Streetworkers used their knowledge of gangs (often through lived experience) to predict and prevent violence. Each team member was assigned to a gang and responded whenever a violent incident occurred. As respected members of their communities, streetworkers looked for signs of growing hostility, helped de-escalate tensions at a shooting scene or in a hospital emergency room, and worked to establish safety plans for individuals in risky situations (i.e., either facing retaliation or vulnerable to victimization). The trust established between streetworkers and individuals in gangs helped to identify longer-term goals beyond cycles of conflict, like getting a GED, a driver’s license, or finding transitional employment.

Community bonds are essential for reducing trauma and breaking the cycle of violence.

Researchers recorded annual counts of total shootings and gang-related shootings from 2006 to 2013, three years before and four years after the initiation of StreetSafe Boston.

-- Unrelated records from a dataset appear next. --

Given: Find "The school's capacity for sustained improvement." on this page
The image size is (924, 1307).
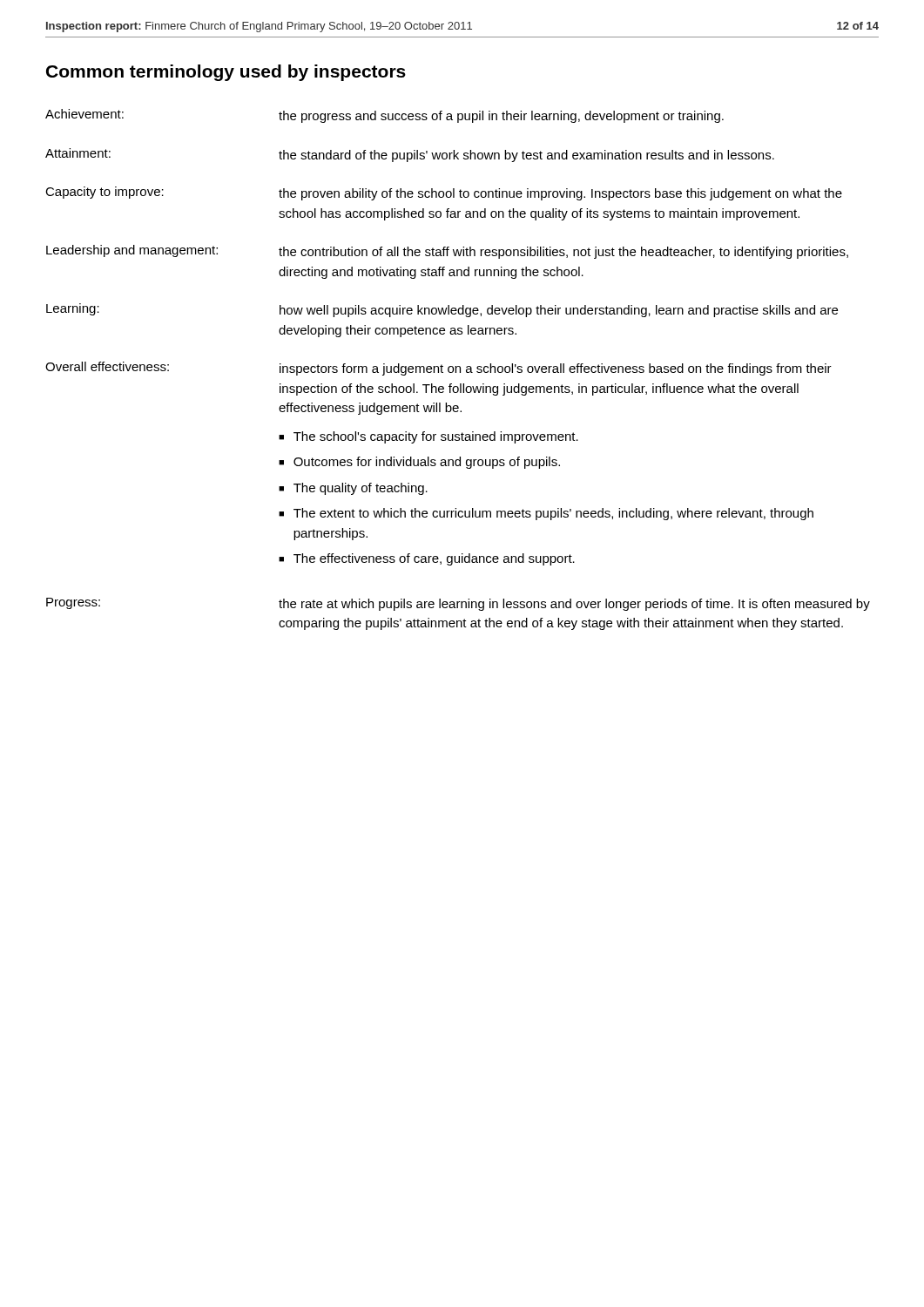Looking at the screenshot, I should tap(436, 436).
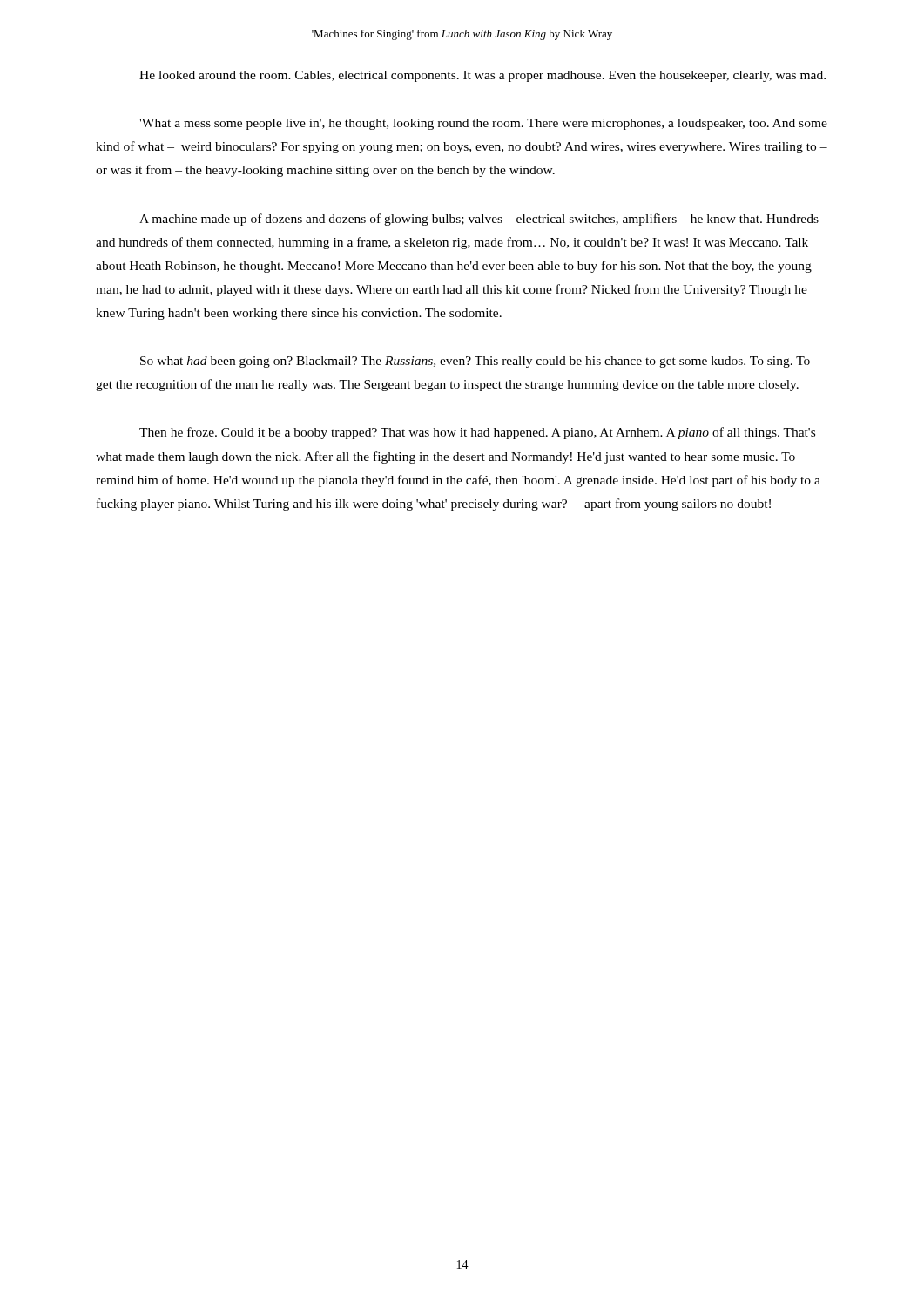This screenshot has width=924, height=1307.
Task: Find the text block that reads "He looked around the"
Action: pyautogui.click(x=483, y=74)
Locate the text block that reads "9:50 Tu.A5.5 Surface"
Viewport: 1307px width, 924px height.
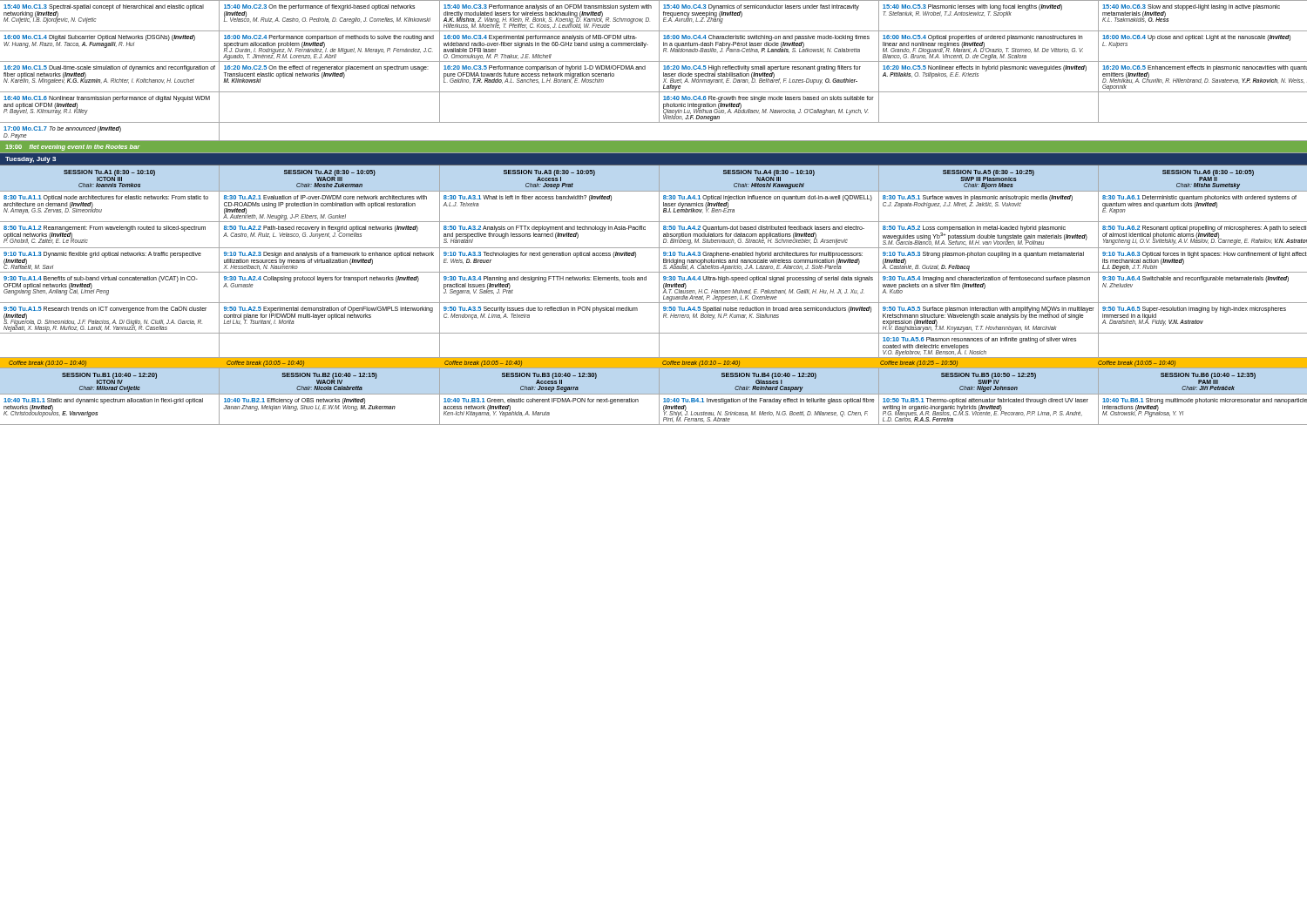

Comparing the years before and after the program launch, the average number of shootings per year decreased 20 percent for all shootings and decreased 25 percent for gang shootings. StreetSafe Boston began during a time of declining gun violence in Boston, with the sharpest period of decline seen around the start of the program’s first year (2009-2010).

Despite a widespread presence throughout the community, StreetSafe Boston was unable to sustain its ambitious long-term goals of reducing shootings by 60% and homicides by 30% in neighborhoods with the most violence, and the program was shut down.

Joshua Wakeham highlighted factors that led to the program’s ending. He found that The Boston Foundation, the organization that originally funded StreetSafe Boston, had differing visions and bureaucratic goals that were hard to maintain for the streetwork team. Those working in the neighborhoods with gangs were focused on slow behavioral changes based on trust and relationship-building, rather than measuring trackable data.

This evaluation emphasizes the need to carefully measure outcomes in program design, while still recognizing the impacts and effectiveness of streetwork strategy. New paths have already been forged. Last spring, Mayor Wu’s office partnered with the University of Maryland in a gun violence reduction initiative, which will involve streetwork programming. Meanwhile, rising organizations like Uncornered  and Training Center for Excellence (TC4E) are similarly incorporating data with resources and support to reach out directly to those touched by violence.

Community bonds are essential for reducing trauma and breaking the cycle of violence. Even when challenged by the scope of their work, streetwork teams can bring a strong sense of well-being and healing to communities deeply affected by the wounds of gang violence.